INSERT INTO default.wiki_abstract_5m
SELECT * FROM s3('https://myscale-datasets.s3.ap-southeast-1.amazonaws.com/wiki_abstract_with_vector.parquet', 'Parquet');

Note

The estimated time for data import is approximately 10 minutes.

Verify if there are 5,622,309 rows of data in the table by running this query:

SELECT count(*) FROM default.wiki_abstract_5m;

Output:

count()
5622309

For optimizing the table to enhance vector search performance by merging its data parts into one part (optional), execute this SQL command in your SQL workspace:

OPTIMIZE TABLE default.wiki_abstract_5m FINAL;

This optimization step may require some time to complete.

Check whether the data parts of this table have been compressed into a single part with this query:

SELECT COUNT(*) FROM system.parts WHERE table='wiki_abstract_5m' AND active=1;

If successful, you will see:

count()
1

# Build Index

# Create FTS Index

TIP

To learn how to create an FTS index, please consult the FTS index documentation.

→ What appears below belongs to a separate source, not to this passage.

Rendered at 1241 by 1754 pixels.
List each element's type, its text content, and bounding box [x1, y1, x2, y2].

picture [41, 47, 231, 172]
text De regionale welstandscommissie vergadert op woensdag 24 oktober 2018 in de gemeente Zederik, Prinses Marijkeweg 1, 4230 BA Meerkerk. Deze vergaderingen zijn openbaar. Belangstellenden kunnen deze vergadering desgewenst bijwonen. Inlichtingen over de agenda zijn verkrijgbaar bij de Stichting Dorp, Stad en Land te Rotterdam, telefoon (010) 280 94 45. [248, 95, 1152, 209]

When setting up an FTS index, users have the option to customize the tokenizer. In this example, the stem tokenizer is utilized along with applying stop words. The stem tokenizer can overlook word tenses in text for more precise search outcomes. By using stop words, common words like "a," "an," "of," and "in" are filtered out to enhance search accuracy.

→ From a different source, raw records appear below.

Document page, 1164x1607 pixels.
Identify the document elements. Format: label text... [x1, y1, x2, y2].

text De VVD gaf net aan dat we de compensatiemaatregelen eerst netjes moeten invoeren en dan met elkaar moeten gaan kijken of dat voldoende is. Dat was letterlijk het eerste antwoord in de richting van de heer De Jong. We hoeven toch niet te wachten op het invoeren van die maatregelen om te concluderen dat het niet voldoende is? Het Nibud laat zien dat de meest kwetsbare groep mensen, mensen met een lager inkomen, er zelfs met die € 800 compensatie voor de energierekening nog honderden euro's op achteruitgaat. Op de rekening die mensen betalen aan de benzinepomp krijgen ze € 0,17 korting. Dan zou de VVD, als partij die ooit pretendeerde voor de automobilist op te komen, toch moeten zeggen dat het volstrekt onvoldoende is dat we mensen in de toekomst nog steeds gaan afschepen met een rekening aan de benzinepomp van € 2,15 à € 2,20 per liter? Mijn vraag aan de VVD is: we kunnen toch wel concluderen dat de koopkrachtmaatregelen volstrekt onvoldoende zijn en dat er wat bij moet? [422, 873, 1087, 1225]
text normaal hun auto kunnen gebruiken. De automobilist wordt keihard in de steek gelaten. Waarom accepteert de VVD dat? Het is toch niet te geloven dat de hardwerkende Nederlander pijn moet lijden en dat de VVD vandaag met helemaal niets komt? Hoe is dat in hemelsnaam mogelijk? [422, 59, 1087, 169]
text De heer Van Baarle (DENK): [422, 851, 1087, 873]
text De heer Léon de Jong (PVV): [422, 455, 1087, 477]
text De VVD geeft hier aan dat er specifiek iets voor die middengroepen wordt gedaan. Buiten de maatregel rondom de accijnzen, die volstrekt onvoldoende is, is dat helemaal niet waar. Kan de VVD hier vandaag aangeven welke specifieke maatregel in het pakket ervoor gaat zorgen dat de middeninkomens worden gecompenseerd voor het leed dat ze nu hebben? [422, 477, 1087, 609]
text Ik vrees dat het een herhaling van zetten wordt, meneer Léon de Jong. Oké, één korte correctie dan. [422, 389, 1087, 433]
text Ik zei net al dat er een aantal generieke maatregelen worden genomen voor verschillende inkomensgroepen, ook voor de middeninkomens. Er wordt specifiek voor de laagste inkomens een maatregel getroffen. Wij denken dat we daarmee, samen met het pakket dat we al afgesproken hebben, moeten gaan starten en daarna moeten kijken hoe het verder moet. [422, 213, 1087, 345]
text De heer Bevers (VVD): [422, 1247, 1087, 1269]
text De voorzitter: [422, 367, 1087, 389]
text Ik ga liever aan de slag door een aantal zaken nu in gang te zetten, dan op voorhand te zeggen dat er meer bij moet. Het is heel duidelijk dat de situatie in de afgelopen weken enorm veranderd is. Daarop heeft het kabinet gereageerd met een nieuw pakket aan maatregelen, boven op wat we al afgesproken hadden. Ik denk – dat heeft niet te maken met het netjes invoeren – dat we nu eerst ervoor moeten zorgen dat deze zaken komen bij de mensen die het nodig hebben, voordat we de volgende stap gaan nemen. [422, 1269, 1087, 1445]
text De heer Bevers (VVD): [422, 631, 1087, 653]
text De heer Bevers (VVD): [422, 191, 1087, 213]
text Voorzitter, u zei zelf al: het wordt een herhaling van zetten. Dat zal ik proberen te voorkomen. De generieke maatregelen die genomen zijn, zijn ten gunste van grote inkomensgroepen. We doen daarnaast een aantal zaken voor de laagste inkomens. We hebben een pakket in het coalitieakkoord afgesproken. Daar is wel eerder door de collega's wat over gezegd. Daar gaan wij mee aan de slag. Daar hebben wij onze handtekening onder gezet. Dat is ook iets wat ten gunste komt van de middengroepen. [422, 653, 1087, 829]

ALTER TABLE default.wiki_abstract_5m
ADD INDEX body_idx (body)
TYPE fts('{"body":{"tokenizer":{"type":"stem", "stop_word_filters":["english"]}}}');

Execute materialization of the index:

ALTER TABLE default.wiki_abstract_5m MATERIALIZE INDEX body_idx;

# Create Vector Index

TIP

Learn more about the MSTG vector index in the vector search documention.

To build the MSTG vector index using Cosine as the distance calculation method for the body_vec_idx on the table default.wiki_abstract_5m, execute this SQL statement:

ALTER TABLE default.wiki_abstract_5m
ADD VECTOR INDEX body_vec_idx body_vector
TYPE MSTG('metric_type=Cosine');

Constructing a vector index can be time-consuming. To monitor its progress, run this SQL query. If the status column shows "Built," it means that the index has been successfully created. While still in progress, it should display "InProgress."

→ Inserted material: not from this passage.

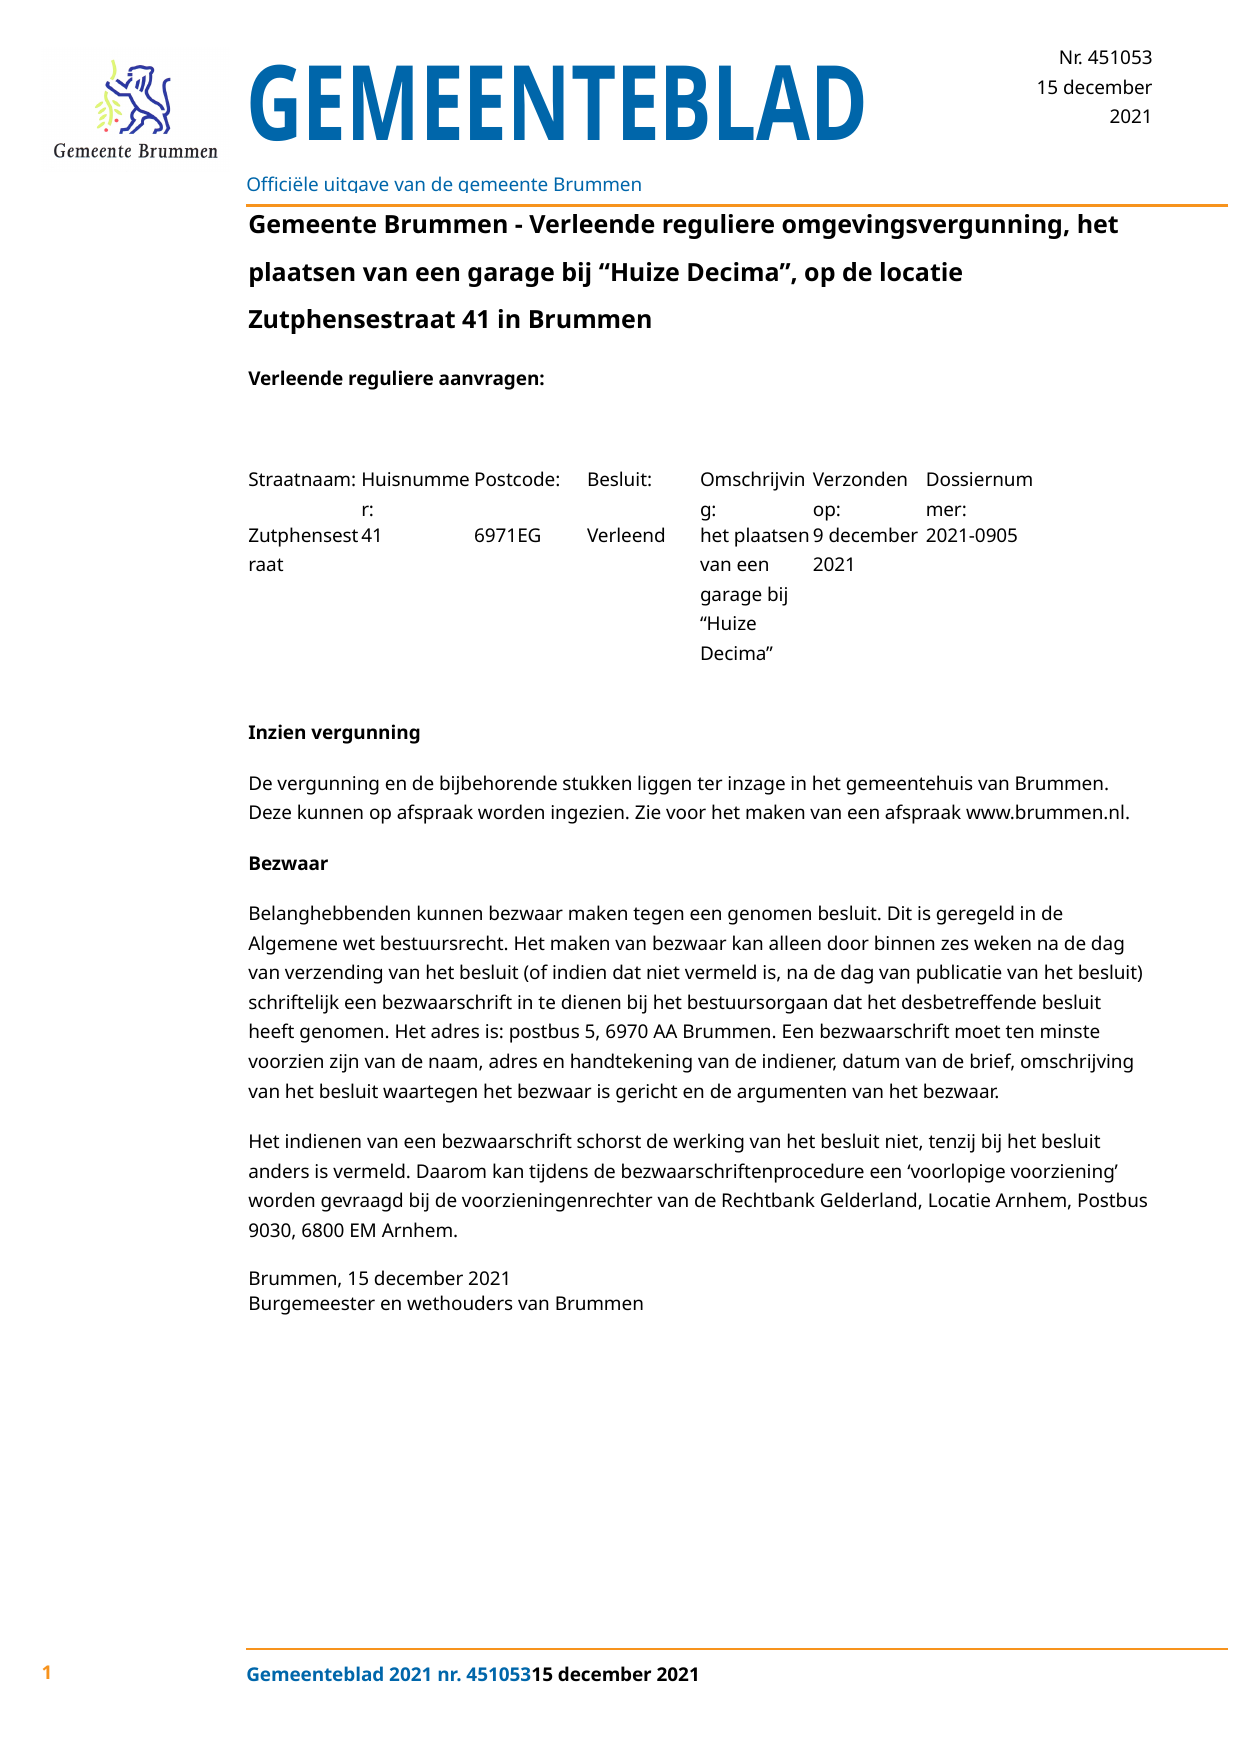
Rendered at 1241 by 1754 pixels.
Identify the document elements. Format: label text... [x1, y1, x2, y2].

SELECT * FROM system.vector_indices;

# Preliminary Preparations

To convert the query text into vectors, we will utilize the all-MiniLM-L6-v2 (opens new window) model.

Firstly, install the sentence-transformers library by running:

pip install -U sentence-transformers

For the fusion stage, we will employ the ranx (opens new window) library. Install it using:

pip install -U ranx

The hybrid search practice will be implemented in a Python file. Before proceeding with this practice, ensure to input your MyScale cluster information into the provided example code.

TIP

You can find the connection details for a MyScale cluster in the Web console.

import clickhouse_connect
from numba import NumbaTypeSafetyWarning
from prettytable import PrettyTable
from ranx import Run, fuse
from ranx.normalization import rank_norm
from sentence_transformers import SentenceTransformer
import warnings
warnings.filterwarnings('ignore', category=NumbaTypeSafetyWarning)
# Use transfromer all-MiniLM-L6-v2
model = SentenceTransformer('sentence-transformers/all-MiniLM-L6-v2')
# MyScale information
host = "your cluster end-point"
port = 443
username = "your user name"
password = "your password"
database = "default"
table = "wiki_abstract_5m"
# Init MyScale client
client = clickhouse_connect.get_client(host=host, port=port,
                                       username=username, password=password)
# Use a table to output your content
def print_results(result_rows, field_names):
    x = PrettyTable()
    x.field_names = field_names
    for row in result_rows:
        x.add_row(row)
    print(x)

TIP

The British Graham Land expedition (BGLE) was a British expedition. For detailed information about them please refer to Wikipedia (opens new window).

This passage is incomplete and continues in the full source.